I didn’t get to spend as much time on this phase of No. 31’s story in my book Piazza: Catcher, Slugger, Icon, Star as I would’ve liked, in deference to space considerations. So I’ll visit it here, as you can below.

You can also come see me in a couple of places in the weeks ahead:

• Monday night, July 24, I’ll be one of the speakers at Varsity Letters’ next baseball program. The venue is Le Poisson Rouge, 158 Bleecker St. in Manhattan. The bill is Ron Kaplan, author of Hank Greenberg in 1938; Jay Jaffe, The Cooperstown Casebook; Mark Feinsand, The New York Yankees Fans’ Bucket List; and me. Doors open at 7 PM, the ball talk begins at 7:30, the admission is free, the other salient details are here.

• Friday night, July 28, I’ll be all about Mike and the Mets at Turn of the Corkscrew Books & Wine, 110 N. Park Ave. in Rockville Centre on Long Island. It’s a beautiful setting for a discussion of a beautiful player. Learn more about it here.

• Right now (or as soon as you read this exclusive deleted scene), you can have a listen to Justin McGuire and me going deep like Piazza on Piazza on Justin’s wonderful Baseball by the Book podcast. You can check it out here or find it on iTunes.


A little in advance of Opening Day 2004, the Mets hustled Timo Perez off to the White Sox and shipped Roger Cedeño to the Cardinals. There went two more Mets who remembered what it was like to win something as Mets. But back came an erstwhile National League champion, Todd Zeile, signing as a free agent for one more go-around with the franchise that he helped to the World Series. Zeile had played for eleven different clubs, but the Mets had been his only ticket to ride.

The Mets weren’t pointing toward another Fall Classic in the spring of ’04. After the 66–95 debacle of 2003, a handful of upgrades were attempted. Mike Cameron, the center fielder who replaced Ken Griffey in Seattle, was brought on board, as was Kaz Matsui, reportedly a terrific shortstop in Japan. Jose Reyes, despite a splashy debut, was shifted to second. His progress there would be delayed after a hamstring strain put him on the shelf for a few months. There had been talk the Mets would lure superstar right fielder Vladimir Guerrero from Montreal, but it was just talk. Vlad went to Anaheim, so the Mets scrounged together two ex-Yankee retreads, Shane Spencer and Karim Garcia, and declared them a platoon. To Fred Wilpon’s thinking, there’d be enough talent to make the Mets, at the very least, respectable enough to play “meaningful games in September.” It was a term that eluded precise definition and baffled his players.

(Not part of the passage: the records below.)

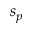<formula> <loc_0><loc_0><loc_500><loc_500>s _ { p }</formula> 
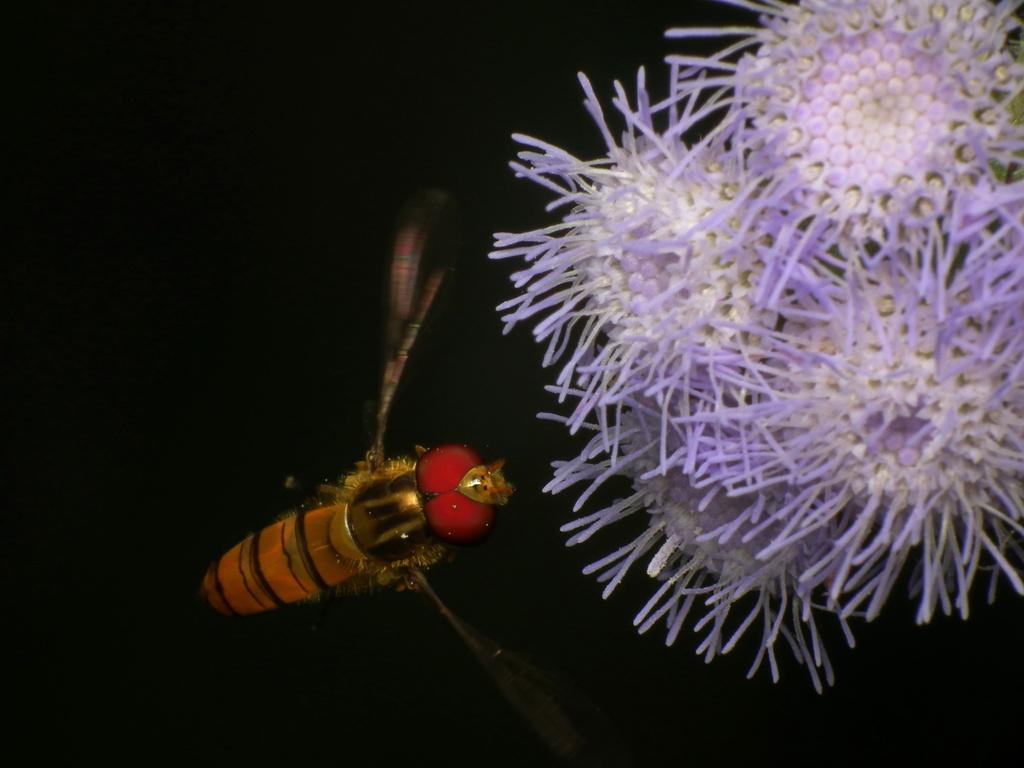Can you describe this image briefly? In this picture we can see an insect and flowers and in the background we can see it is dark. 
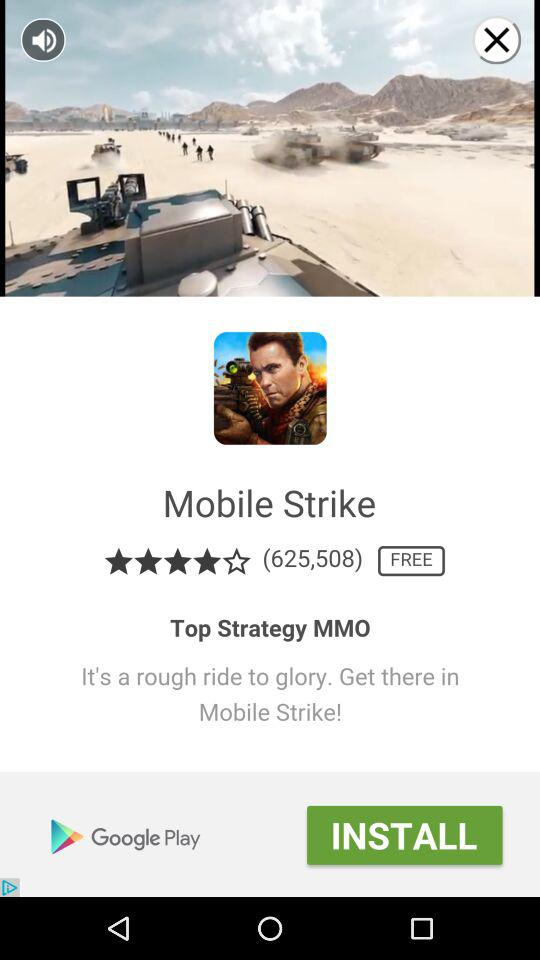How many reviews does Mobile Strike have?
Answer the question using a single word or phrase. 625,508 
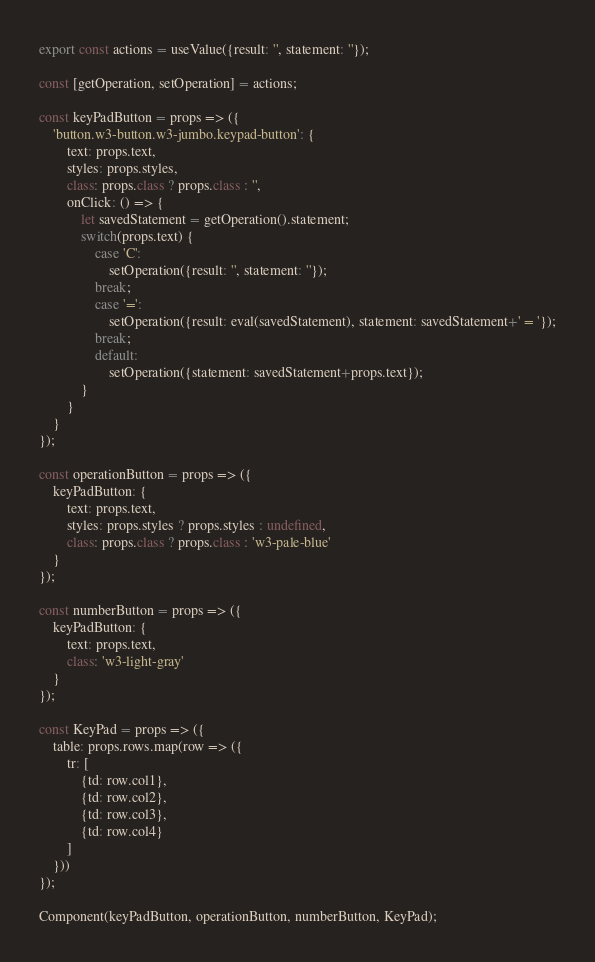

“What does that mean?” Cameron asked.
“I don’t understand,” Reyes admitted.
“Well,” Cliff Floyd rationalized, “I guess you’ve got start somewhere.”

Mike was more accustomed to trotting around first than standing in proximity to it for nine innings.

The perhaps meaningful Mets began their season at Turner Field with Mike Piazza on the cover of the schedule and behind the plate, though in the second game of the year, he moved to first in the latter stages of a blowout loss. His first start at first base occurred far off the mainland. The MLB-owned Expos, who couldn’t draw flies at Olympic Stadium and no longer bothered pretending to try, were playing a portion of their home slate in San Juan. As their days in Montreal inevitably dwindled to a precious few (the franchise had briefly been earmarked for contraction heading into 2002), some 10,000 fans in Puerto Rico on April 11 became the first to watch Piazza trot to a position other than catcher to begin a game in the major leagues. He lasted until the eighth, when he was removed in a double-switch. Mike’s first home start at first — and first full game there — came on April 14 at Shea in a loss to the Braves.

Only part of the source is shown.